This project aims to take the digitized Prokudin-Gorskii glass plate images, which include three similar images of different shades (since each of them was exposed to a different color filter) vertically stacked on top of one another, and output a single RGB color image using various image processing techniques. Here are examples of input images:
For the small images, i.e. the ones that end with .jpg, I implemented an exhaustive search algorithm that loop over a window of possible displacements (I did ±5% of the image width and height) and computed the displacement with the highest Normalized Cross-Correlation (NCC). For displacing the image, I implemented a custom function that uses np.roll
to shift the image and then fill the rolled-over pixels with the values of the closest existing pixels. Since I noticed that each of the image will have some sort of black border, I also cropped 10% of the image width and height (i.e. 5% from each edge) for better alignment. Here are my aligned images with their displacements:
Green: (5, 2); Red: (12, 3)
Cathedral
Green: (-3, 2); Red: (3, 2)
Monastery
Green: (3, 3); Red: (6, 3)
Tobolsk
For larger images, i.e. the ones that end with .tif, the exhaustive search algorithm was simply insufficient and too expensive because of the high resolution of the images. Consequently, I implemented an image pyramid of 5 levels with the highest level being the full size image and downsampled by a factor of 2 for each subsequent level. Starting at the smallest image, I did the exhaustive search over the window of \([-15, 15]\) pixels to obtain the optimal displacement. Upon moving to the next level, the image size will double and I will also double the said displacement to ensure consistency. I will then search over the window \([-3,3]\) pixels around this displacement for the current higher resolution. This process repeats until an optimal displacement is derived for the original image. Here are my aligned images with their displacements:
Green: (25, -11); Red: (58, -5)
Church
Green: (49, 24); Red: (104, 56)
Emir
Green: (60, 16); Red: (124, 14)
Harvesters
Green: (40, 17); Red: (89, 23)
Icon
Green: (55, 8); Red: (118, 12)
Lady
Green: (82, 10); Red: (178, 12)
Melons
Green: (51, 26); Red: (108, 36)
Onion Church
Green: (33, -11); Red: (140, -26)
Sculpture
Green: (79, 29); Red: (176, 36)
Self-portrait
Green: (54, 13); Red: (112, 10)
Three Generations
Green: (42, 6); Red: (87, 32)
Train
The next bell and whistle that I implemented is Automatic Cropping. I noticed that for edges that are either black or white, the average pixel value will be either extremely high or extremely low (converging towards 0 or 1). Thus, I loop through every row and column that is at most 10% from the edges and for each of them, I calculate the average pixel value and crop any row/column whose pixel value is outside of the range \([0.1, 0.9]\).

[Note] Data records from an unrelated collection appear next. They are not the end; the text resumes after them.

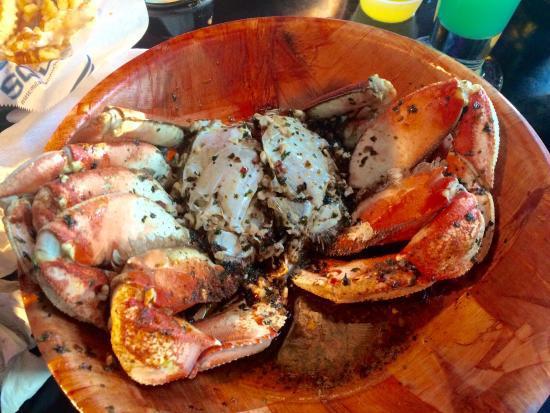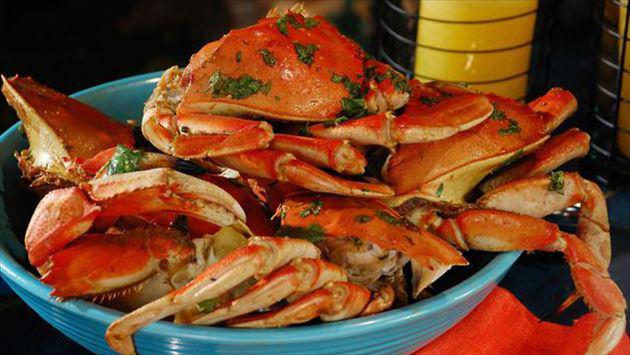The first image is the image on the left, the second image is the image on the right. Examine the images to the left and right. Is the description "There are crab legs separated from the body." accurate? Answer yes or no. No. The first image is the image on the left, the second image is the image on the right. For the images displayed, is the sentence "A single whole crab is on a white plate with dipping sauce next to it." factually correct? Answer yes or no. No. 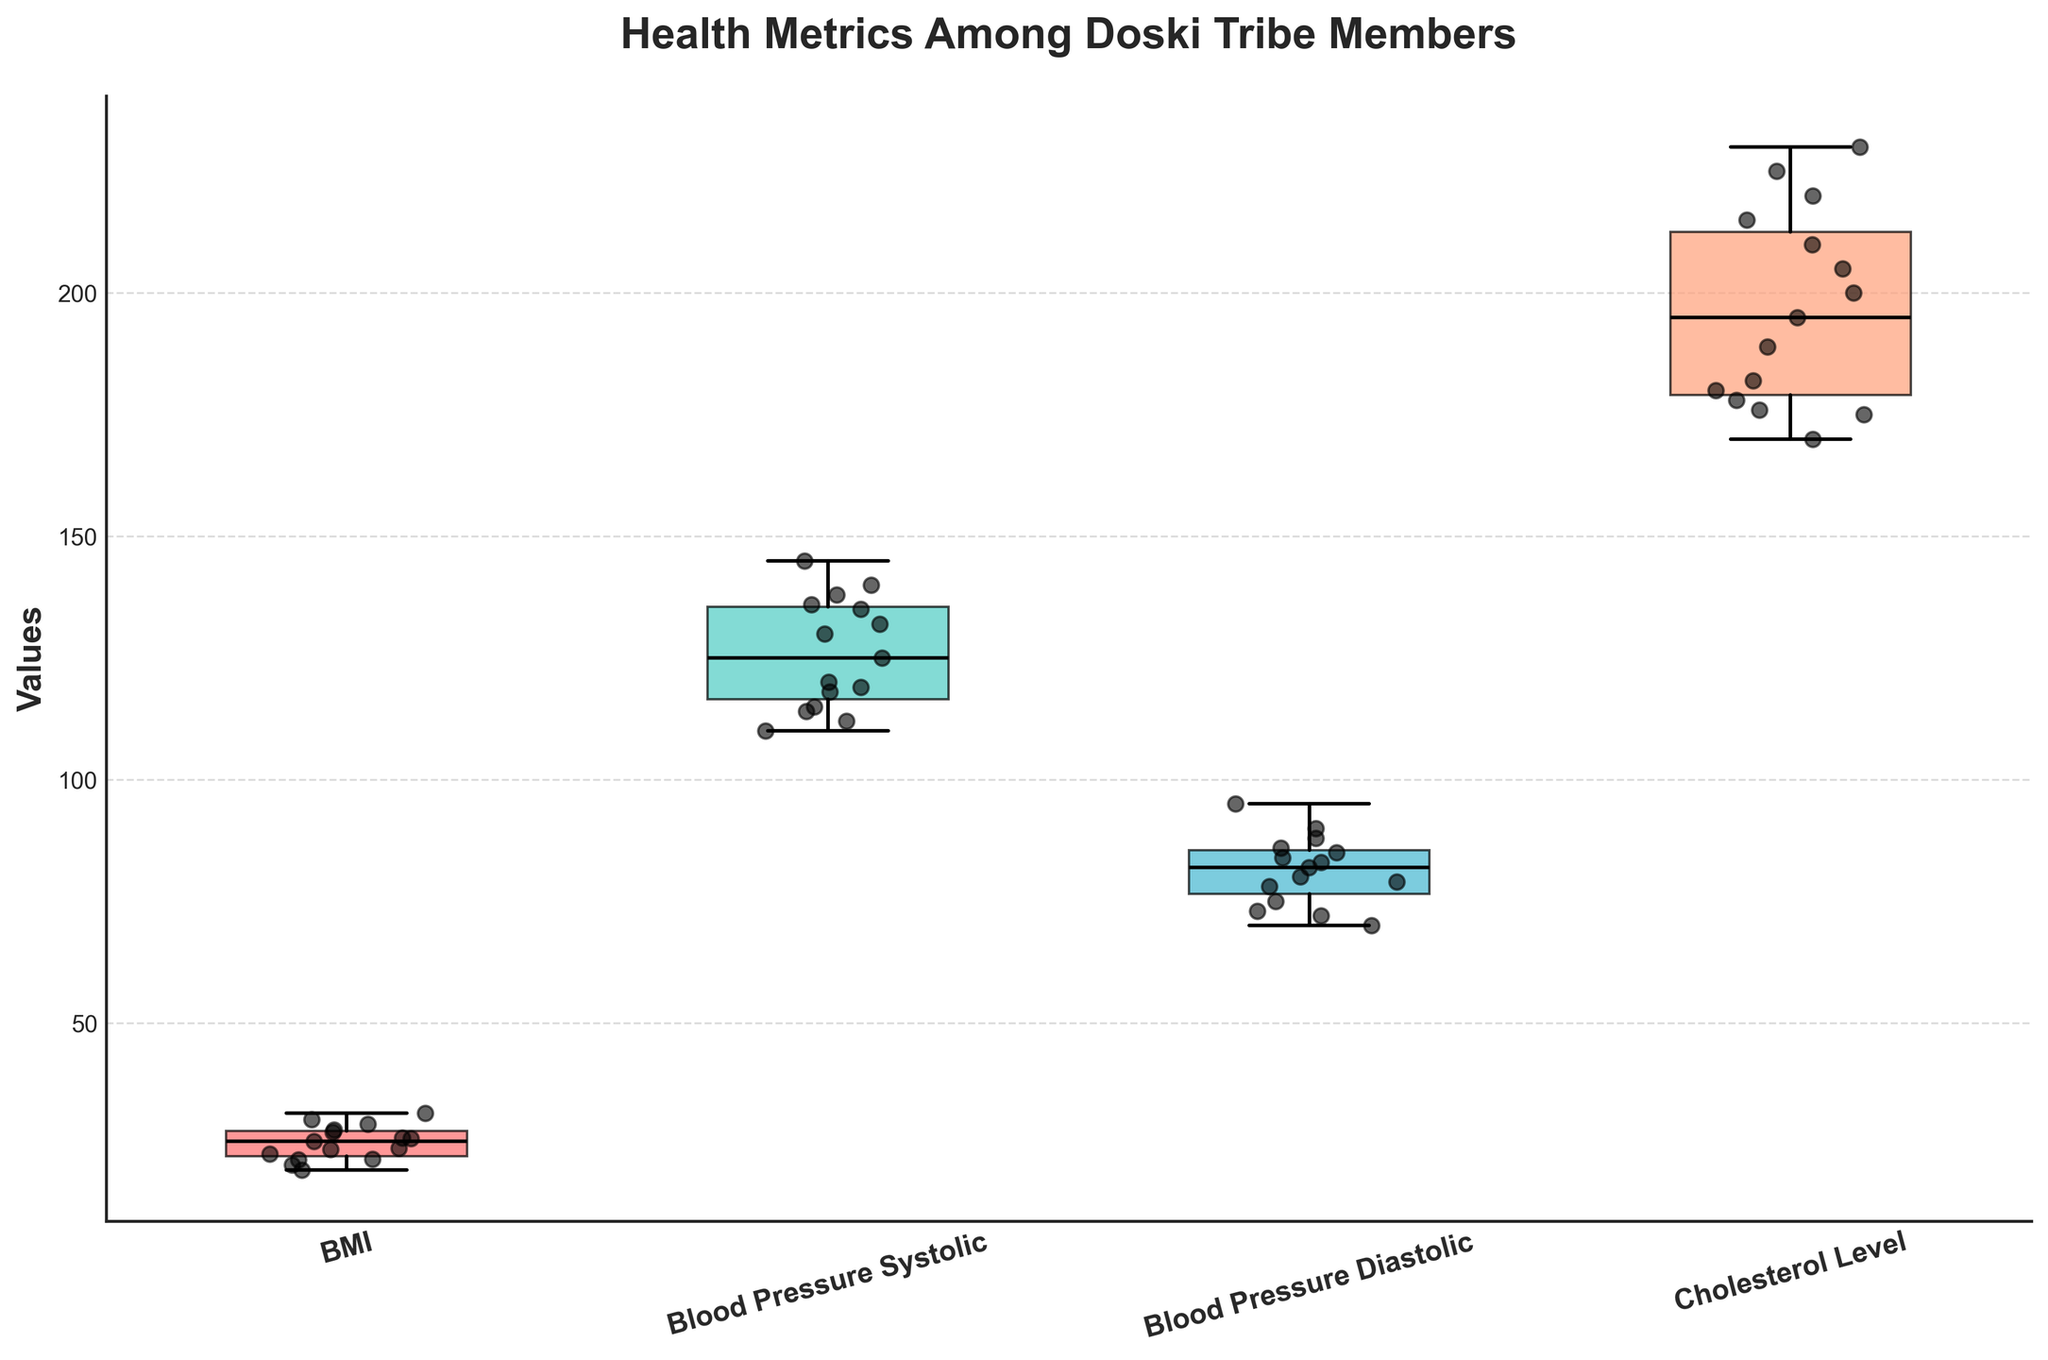What is the range of BMI values shown in the box plot? To find the range, identify the lowest and highest points in the BMI section of the box plot. The whiskers indicate the minimum and maximum values.
Answer: 19.8 to 31.5 What is the median Blood Pressure Systolic value among the tribe members? The median value is shown as a line inside the box. Look at the Systolic Blood Pressure section for the location of this line.
Answer: 125 How many metrics are compared in this figure? Each metric is represented by a separate box plot. Count the number of box plots along the x-axis.
Answer: 4 Which health metric has the highest maximum value? Locate the highest whisker in each of the box plots and compare their positions.
Answer: Cholesterol Level Is the spread of BMI values larger or smaller than the spread of Blood Pressure Diastolic values? Compare the length of the boxes and the distance between the whiskers in the BMI and Diastolic Blood Pressure sections of the box plot.
Answer: Larger Which health metric shows the most outliers? Outliers are represented by scatter points far from the box and whiskers. Count the outliers for each metric.
Answer: BMI What is the average Blood Pressure Diastolic value among the tribe members? To find the average, add all the Blood Pressure Diastolic values and divide by the number of tribe members. ((80 + 70 + 85 + 90 + 75 + 82 + 83 + 78 + 95 + 72 + 79 + 84 + 88) / 15)
Answer: 81.1 How does the 75th percentile of BMI compare to the median BMI? The 75th percentile is the top edge of the box, while the median is the line inside the box. Compare these positions in the BMI section.
Answer: Greater than Are there more female members with high cholesterol levels or male members with high cholesterol levels? High cholesterol levels are found towards the higher end of the Cholesterol Level box plot. Compare the scatter points representing males and females.
Answer: Female What is the cholesterol level for the tribe member with the highest BMI? Find the scatter point representing the highest BMI, and note its corresponding Cholesterol Level value.
Answer: 230

This implementation performs on par with constant cropping on the majority of the images. However, for images where the different channels are more significantly misaligned, my implementation performs worse because the misalignment will cause the average pixel value to be more moderate and more misinformed rows and columns are not cropped (this is evident in the larger size of the final result). Here are some images for comparison:
Green: (33, -11); Red: (140, -26)
Constant Cropping of sculpture
Green: (33, -11); Red: (-285, 0)
Automatic Cropping of sculpture
Green: (55, 8); Red: (118, 12)
Constant Cropping of lady
Green: (133, -7); Red: (128, -11)
Automatic Cropping of lady
An additional bell and whistle that I implemted is Color Balancing. The method that I wrote is from Limare et. al in 2011 and it outlines as followed. First, I flatten the image and sort all the pixel values. Then, I define \(V_{min}, V_{max}\) to be the pixel values at the 5% and 95% percentile. For any pixel whose value is lower than \(V_{min}\) or higher than \(V_{max}\), I will set their value to be equal to \(V_{min}\) and \(V_{max}\). Finally, I will normalize the transformed image such that the pixel values range from 0 to 1.
This implementation improves the quality of images whose scene or object has higher exposure to natural light as it helps the object stands out more from the background. Here are some examples:
Vanilla of three_generations
Color Balancing of three_generations
Vanilla of self_portrait
Color Balancing of self_portrait
The next bell and whistle that I implemented is Automatic Contrasting, which I accomplished by using skimage.exposure.equalize_hist
. This improves the quality of some images since it balances the light intensity and contrast of the objects in the images. Here are some examples that show improvement:
Vanilla of harvesters
Histogram Equalization of harvesters
Vanilla of lady
Histogram Equalization of lady
Another bell and whistle that I implemented is Sobel Edge Detection. I noticed that for images where the channels have vastly different brightness (i.e. the RGB values don't align well for a single pixel), vanilla alignment with NCC doesn't work well because the displacement with the highest NCC need not be optimal. As a result, I used to skimage.filters.sobel
to detect the edges in the images before aligning them with image pyramid. Here are images that improve thanks to Sobel edge detection:
Vanilla of emir
Sobel Edge Detection of emir
Vanilla of church
Sobel Edge Detection of church
For the final colored images, I first automatically crop the channels, preprocess them with Sobel Edge Detection, align them with an image pyramid, and apply automatic color balancing on the optimal alignment. Here are the colored images with their displacements:
Green: (25, -2); Red: (58, -14)
Church
Green: (49, 24); Red: (107, 40)
Emir
Green: (60, 17); Red: (123, 13)
Harvesters
Green: (40, 16); Red: (91, 23)
Icon
Green: (59, -9); Red: (130, -19)
Lady
Green: (78, 5); Red: (176, 10)
Melons
Green: (52, 24); Red: (107, 35)
Onion Church
Green: (33, -11); Red: (140, -26)
Sculpture
Green: (79, 30); Red: (176, 37)
Self-portrait
Green: (54, 12); Red: (112, 9)
Three Generations
Green: (41, 1); Red: (85, 29)
Train